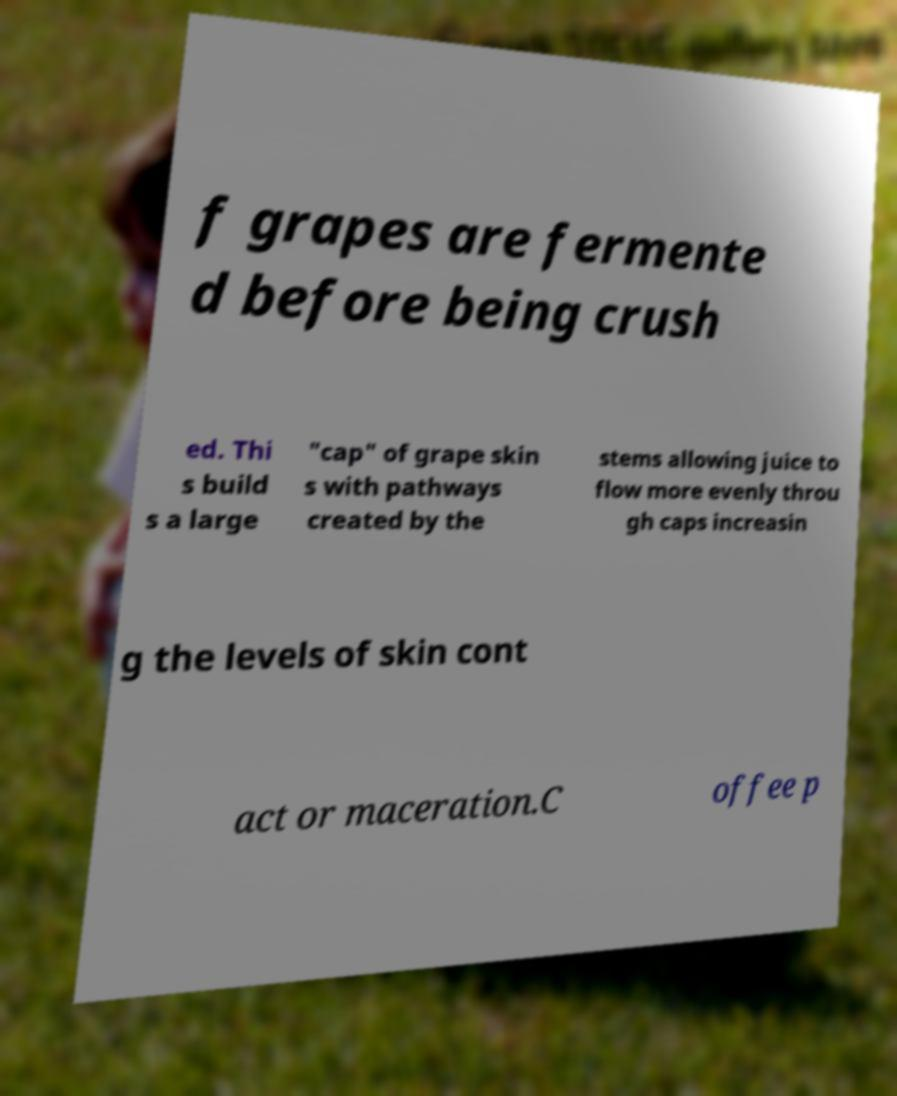For documentation purposes, I need the text within this image transcribed. Could you provide that? f grapes are fermente d before being crush ed. Thi s build s a large "cap" of grape skin s with pathways created by the stems allowing juice to flow more evenly throu gh caps increasin g the levels of skin cont act or maceration.C offee p 
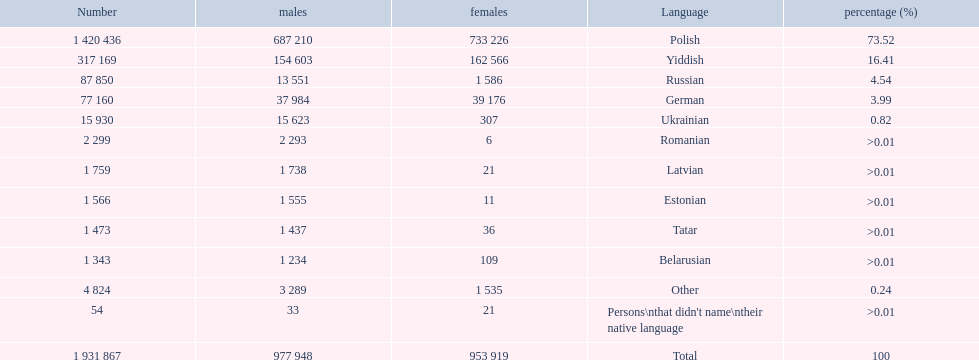How many languages are shown? Polish, Yiddish, Russian, German, Ukrainian, Romanian, Latvian, Estonian, Tatar, Belarusian, Other. What language is in third place? Russian. What language is the most spoken after that one? German. 
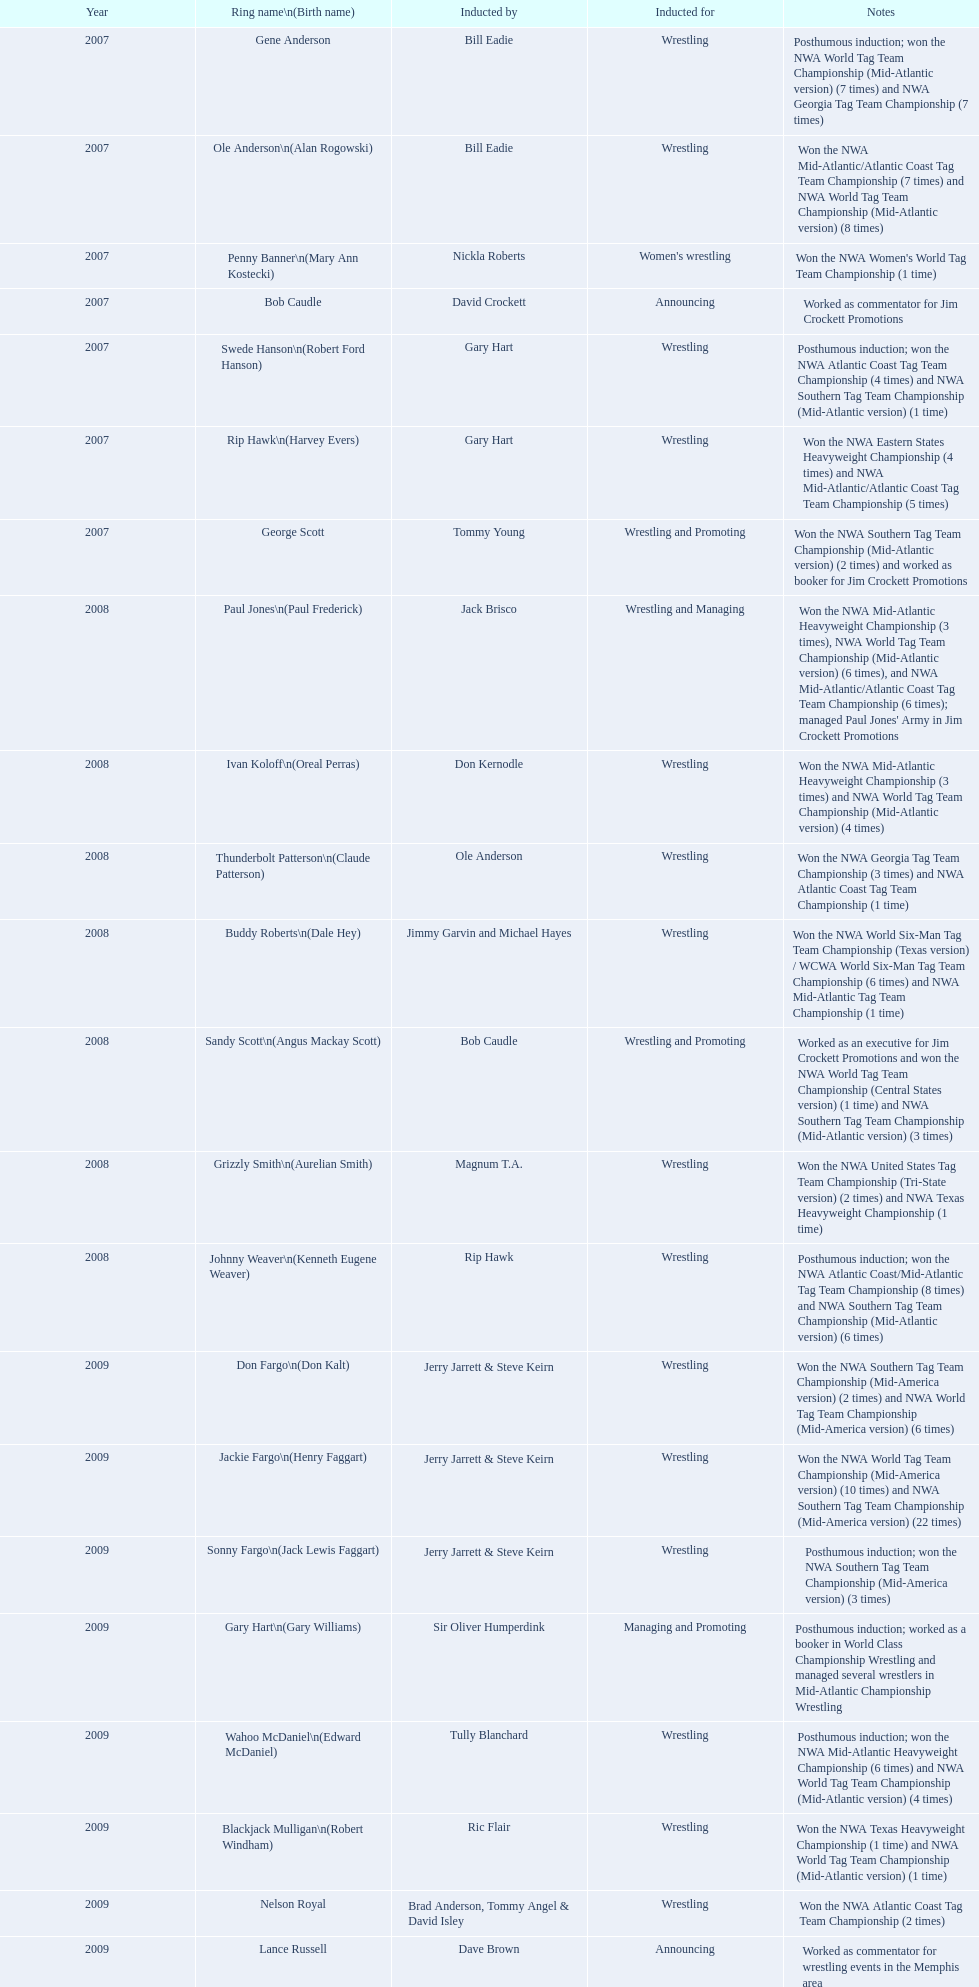What commentators were inducted? Bob Caudle, Lance Russell. What commentator was inducted in 2009? Lance Russell. 
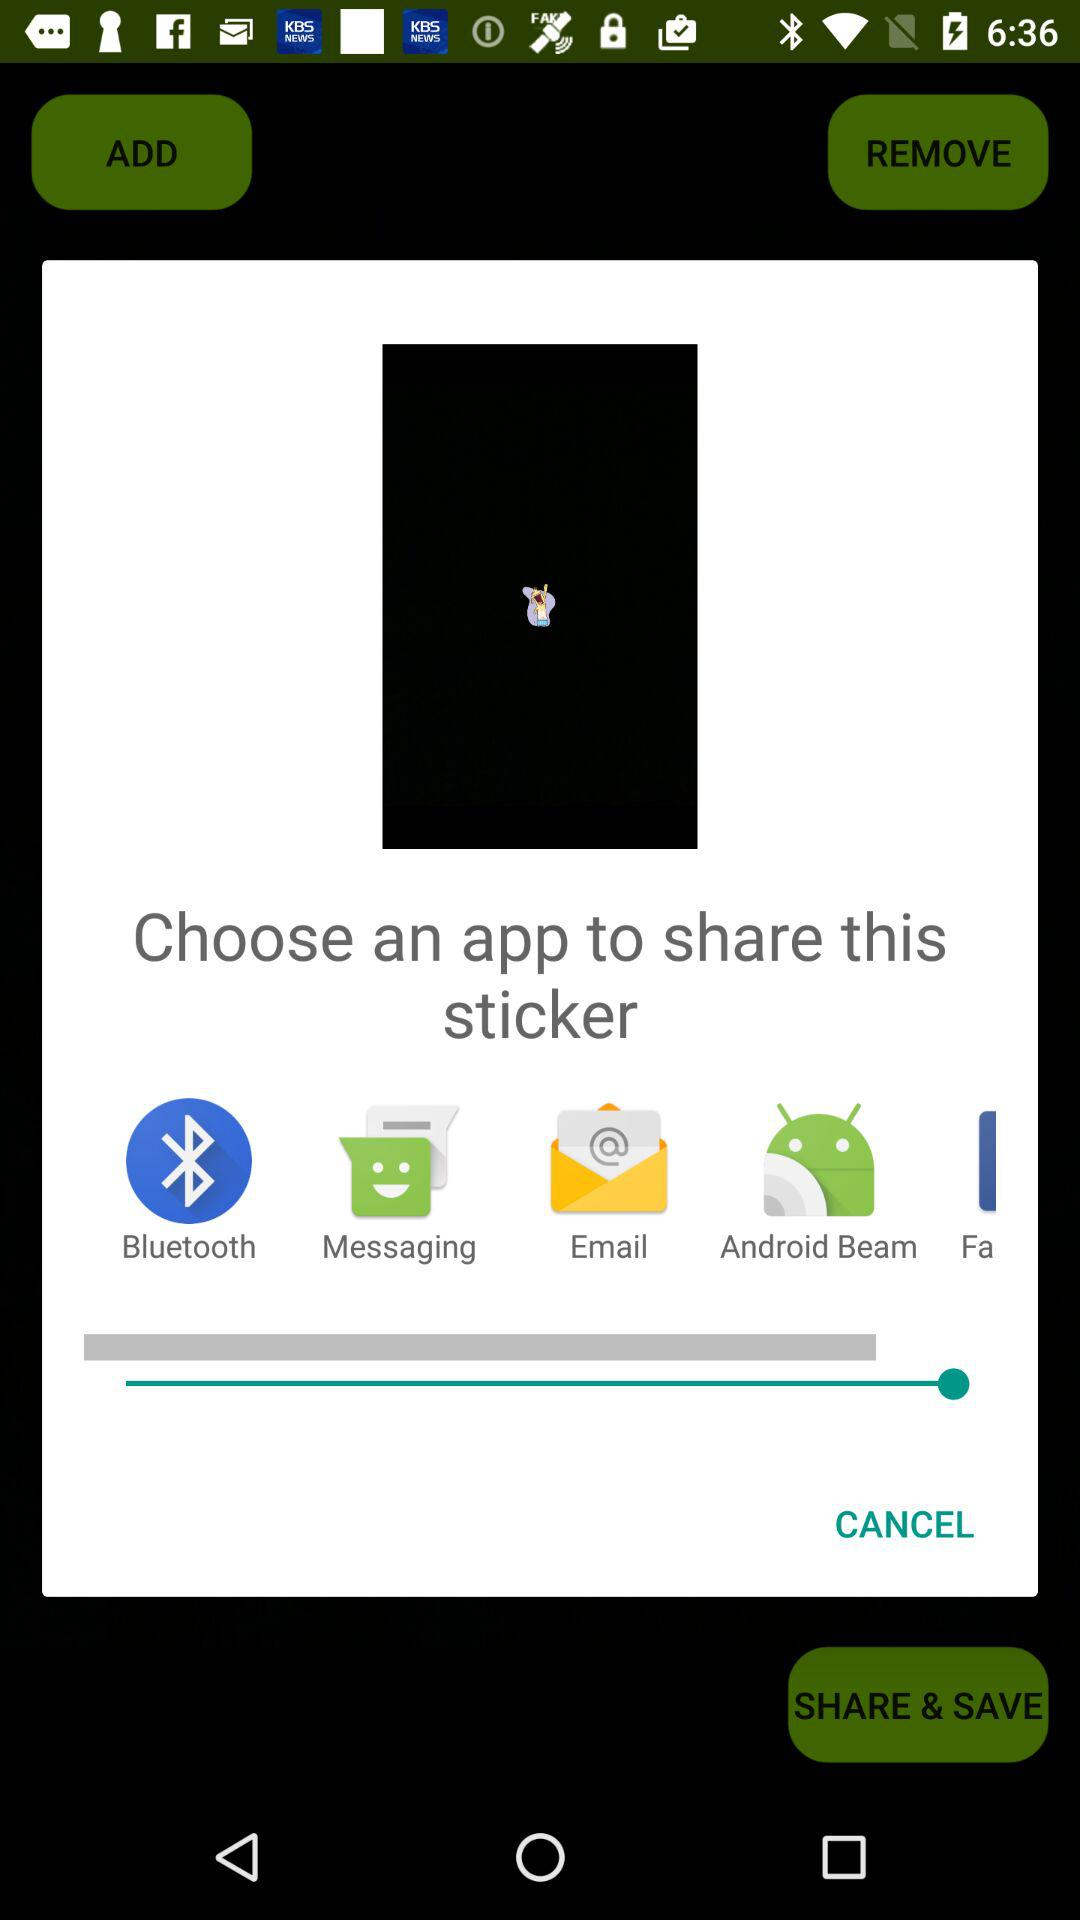Through which application can we share this sticker? You can share this sticker through "Bluetooth", "Messaging", "Email" and "Android Beam". 
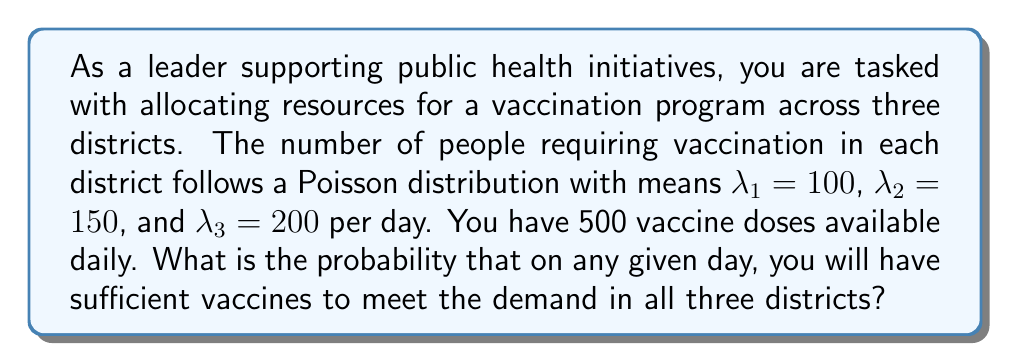Provide a solution to this math problem. Let's approach this step-by-step:

1) Let $X_1$, $X_2$, and $X_3$ be the random variables representing the number of people requiring vaccination in districts 1, 2, and 3 respectively.

2) Given: $X_1 \sim \text{Poisson}(100)$, $X_2 \sim \text{Poisson}(150)$, $X_3 \sim \text{Poisson}(200)$

3) We need to find $P(X_1 + X_2 + X_3 \leq 500)$

4) A key property of Poisson distributions is that the sum of independent Poisson random variables is also Poisson distributed. The parameter of the resulting distribution is the sum of the individual parameters.

5) Therefore, $X_1 + X_2 + X_3 \sim \text{Poisson}(100 + 150 + 200) = \text{Poisson}(450)$

6) Let $Y = X_1 + X_2 + X_3$. We need to calculate $P(Y \leq 500)$

7) For a Poisson distribution with large $\lambda$ (like 450), we can use the normal approximation:

   $Y \approx N(\mu = 450, \sigma^2 = 450)$

8) Standardizing:

   $Z = \frac{Y - 450}{\sqrt{450}}$

9) We need to find:

   $P(Y \leq 500) = P(Z \leq \frac{500 - 450}{\sqrt{450}}) = P(Z \leq \frac{50}{\sqrt{450}}) \approx P(Z \leq 2.36)$

10) Using a standard normal table or calculator, we find:

    $P(Z \leq 2.36) \approx 0.9909$

Therefore, the probability of having sufficient vaccines is approximately 0.9909 or 99.09%.
Answer: $0.9909$ 
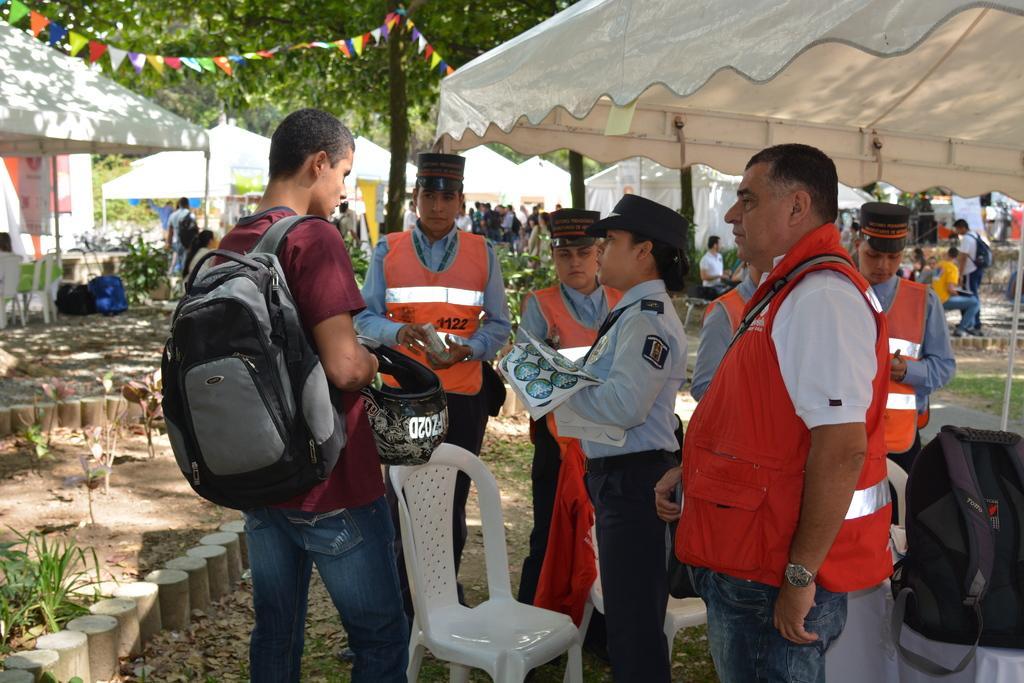How would you summarize this image in a sentence or two? In this picture we can see a group of people standing and talking and in front of them we can see chair, bag, helmet in this person's hand and in background we can see tent, decorative flags, trees, some more persons, path.

....

What is expected » Reproduce the whole listing verbatim. Pictures stay out of the copy.

Result »
For documentation purposes, I need the text within this image transcribed. Could you provide that? f grapes are fermente d before being crush ed. Thi s build s a large "cap" of grape skin s with pathways created by the stems allowing juice to flow more evenly throu gh caps increasin g the levels of skin cont act or maceration.C offee p 
How many languages are shown? Polish, Yiddish, Russian, German, Ukrainian, Romanian, Latvian, Estonian, Tatar, Belarusian, Other. What language is in third place? Russian. What language is the most spoken after that one? German. 
What commentators were inducted? Bob Caudle, Lance Russell. What commentator was inducted in 2009? Lance Russell. 
Through which application can we share this sticker? You can share this sticker through "Bluetooth", "Messaging", "Email" and "Android Beam". 
Provide a solution to this math problem. Let's approach this step-by-step:

1) Let $X_1$, $X_2$, and $X_3$ be the random variables representing the number of people requiring vaccination in districts 1, 2, and 3 respectively.

2) Given: $X_1 \sim \text{Poisson}(100)$, $X_2 \sim \text{Poisson}(150)$, $X_3 \sim \text{Poisson}(200)$

3) We need to find $P(X_1 + X_2 + X_3 \leq 500)$

4) A key property of Poisson distributions is that the sum of independent Poisson random variables is also Poisson distributed. The parameter of the resulting distribution is the sum of the individual parameters.

5) Therefore, $X_1 + X_2 + X_3 \sim \text{Poisson}(100 + 150 + 200) = \text{Poisson}(450)$

6) Let $Y = X_1 + X_2 + X_3$. We need to calculate $P(Y \leq 500)$

7) For a Poisson distribution with large $\lambda$ (like 450), we can use the normal approximation:

   $Y \approx N(\mu = 450, \sigma^2 = 450)$

8) Standardizing:

   $Z = \frac{Y - 450}{\sqrt{450}}$

9) We need to find:

   $P(Y \leq 500) = P(Z \leq \frac{500 - 450}{\sqrt{450}}) = P(Z \leq \frac{50}{\sqrt{450}}) \approx P(Z \leq 2.36)$

10) Using a standard normal table or calculator, we find:

    $P(Z \leq 2.36) \approx 0.9909$

Therefore, the probability of having sufficient vaccines is approximately 0.9909 or 99.09%.
Answer: $0.9909$ 
How would you summarize this image in a sentence or two? In this picture we can see a group of people standing and talking and in front of them we can see chair, bag, helmet in this person's hand and in background we can see tent, decorative flags, trees, some more persons, path.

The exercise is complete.